# Leclerc Battle Performance



## tomahawk6 (16 Jul 2016)

Reports from Yemen are positive about the Leclerc's performance.The comment by a retired French Colonel was funny.He asked:



> “So what do you think of France’s new super tank, the Leclerc?” a retired colonel in the French army’s logistical brigade jokingly asked me in 2002. “You know, the one we paid a fortune for and that we’ll never use in battle.”
> 
> So far his prediction has proved true. The French military has deployed light armored vehicles and air power in its combat missions in Afghanistan, Congo, Cote d’Ivoire, Central African Republic and Mali.



http://nationalinterest.org/blog/the-buzz/frances-leclerc-super-tank-better-american-or-russian-armor-16986


----------



## Colin Parkinson (18 Jul 2016)

A big factor is the UAE army seems a lot more switched on, it's been painful to watch the Houthi videos ambushing Saudi troops who have zero situational awareness and total lack of tactics.


----------



## Humphrey Bogart (18 Jul 2016)

Colin P said:
			
		

> A big factor is the UAE army seems a lot more switched on, it's been painful to watch the Houthi videos ambushing Saudi troops who have zero situational awareness and total lack of tactics.

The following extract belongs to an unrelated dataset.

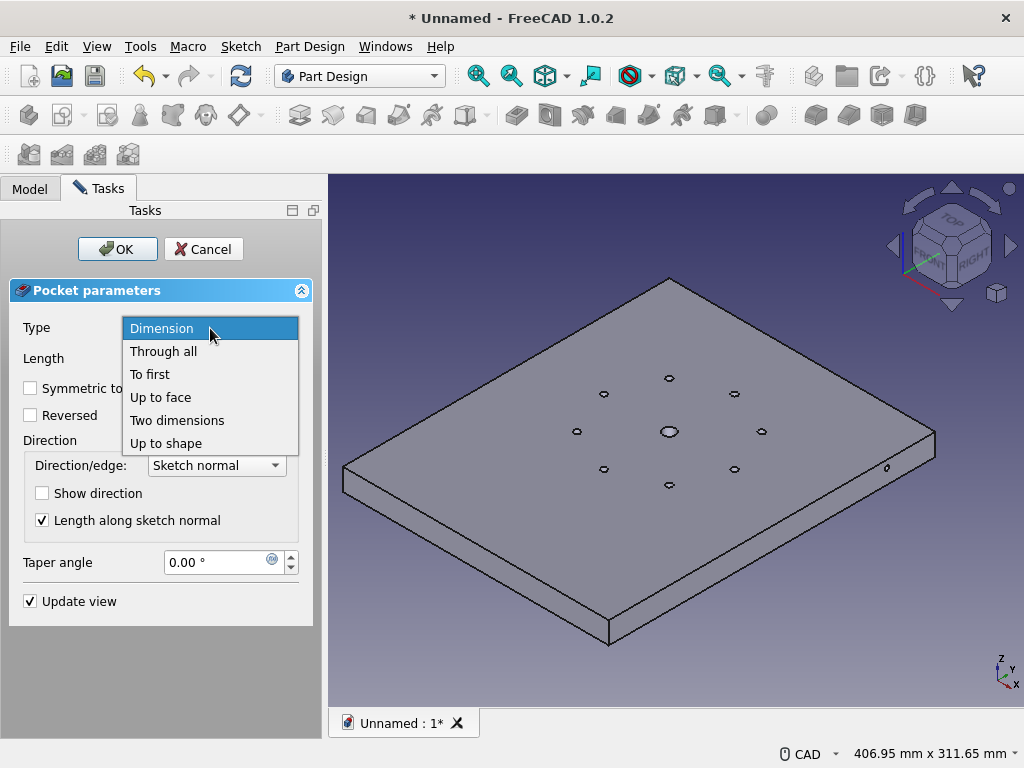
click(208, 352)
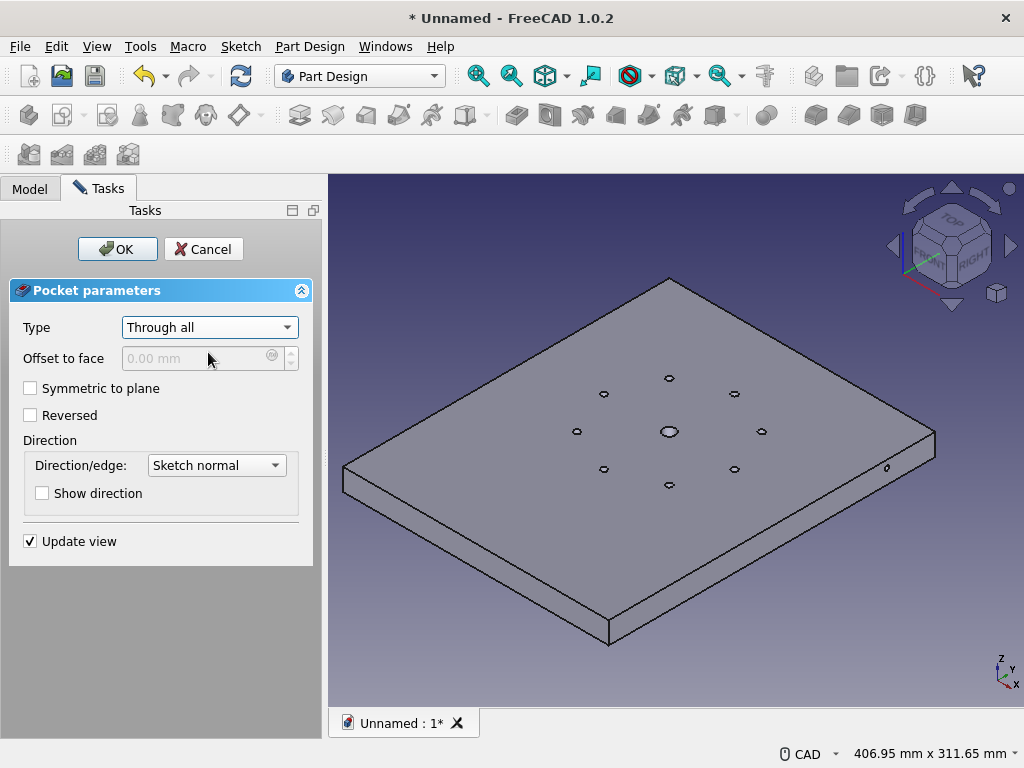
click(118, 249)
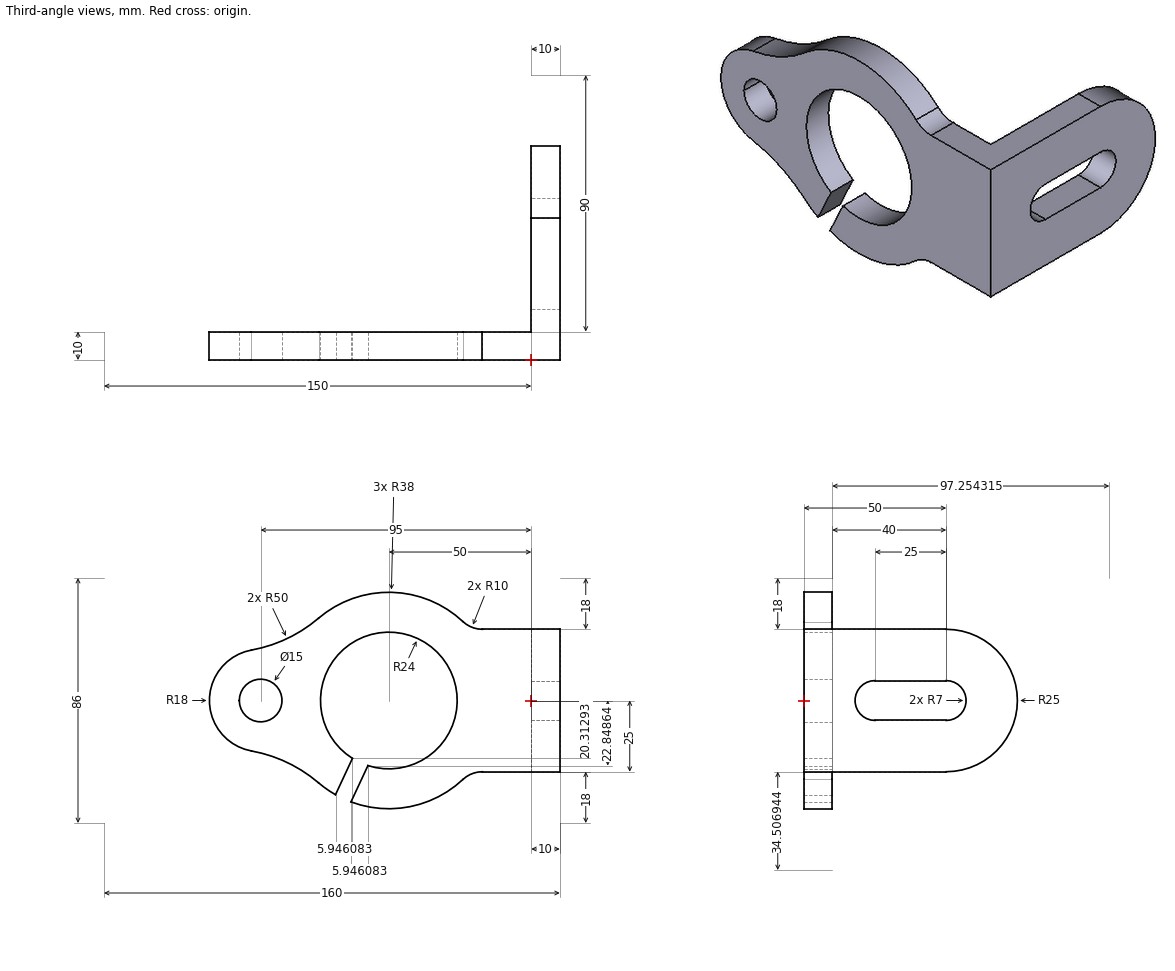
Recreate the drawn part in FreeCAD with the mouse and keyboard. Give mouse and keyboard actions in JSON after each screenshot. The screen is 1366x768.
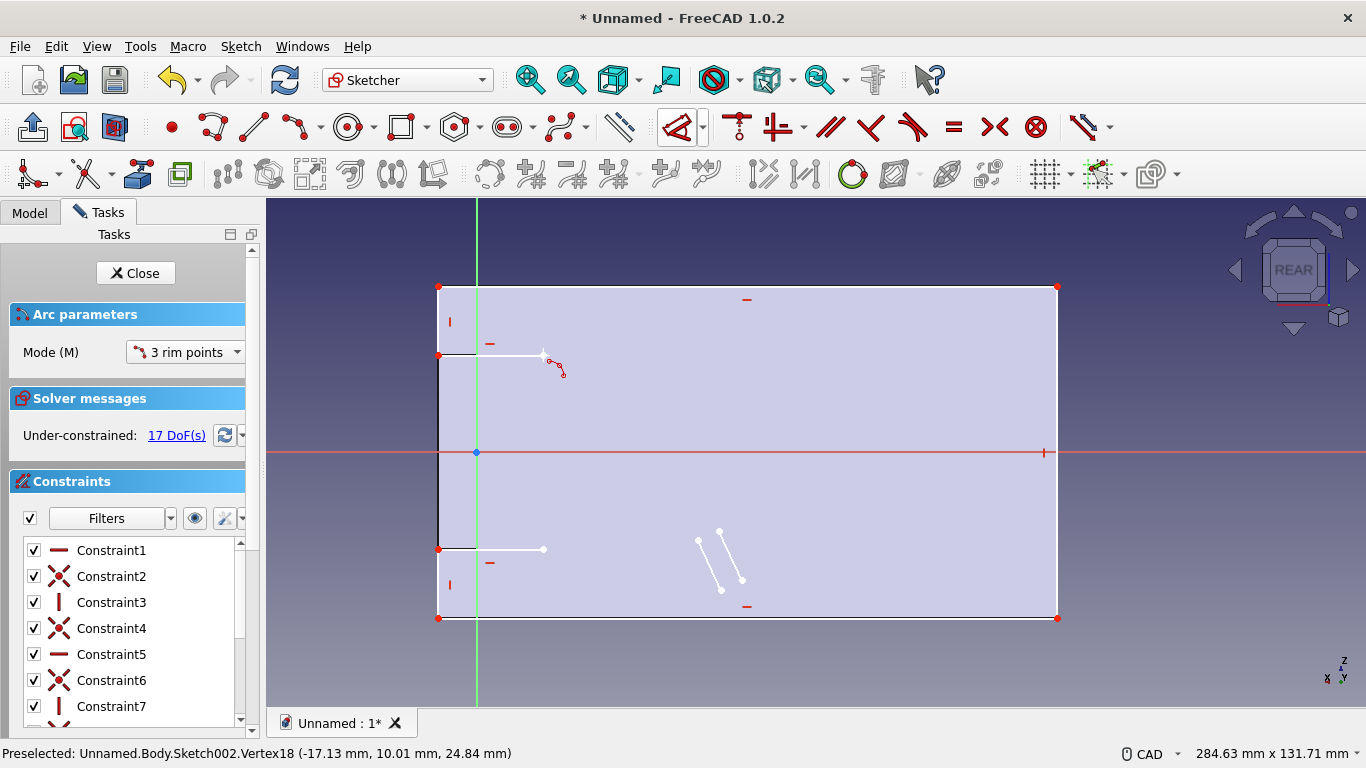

That's because the Emirs hired foreign soldiers to manage the war for them.


----------



## Red 6 (18 Jul 2016)

I recall that when the Leclerc was first fielded, it was supposed to be a game-changer as the first tank in service built around its digital data bus. That the Leclerc hasn't been downrange is likely more about logistics than capabilities.


----------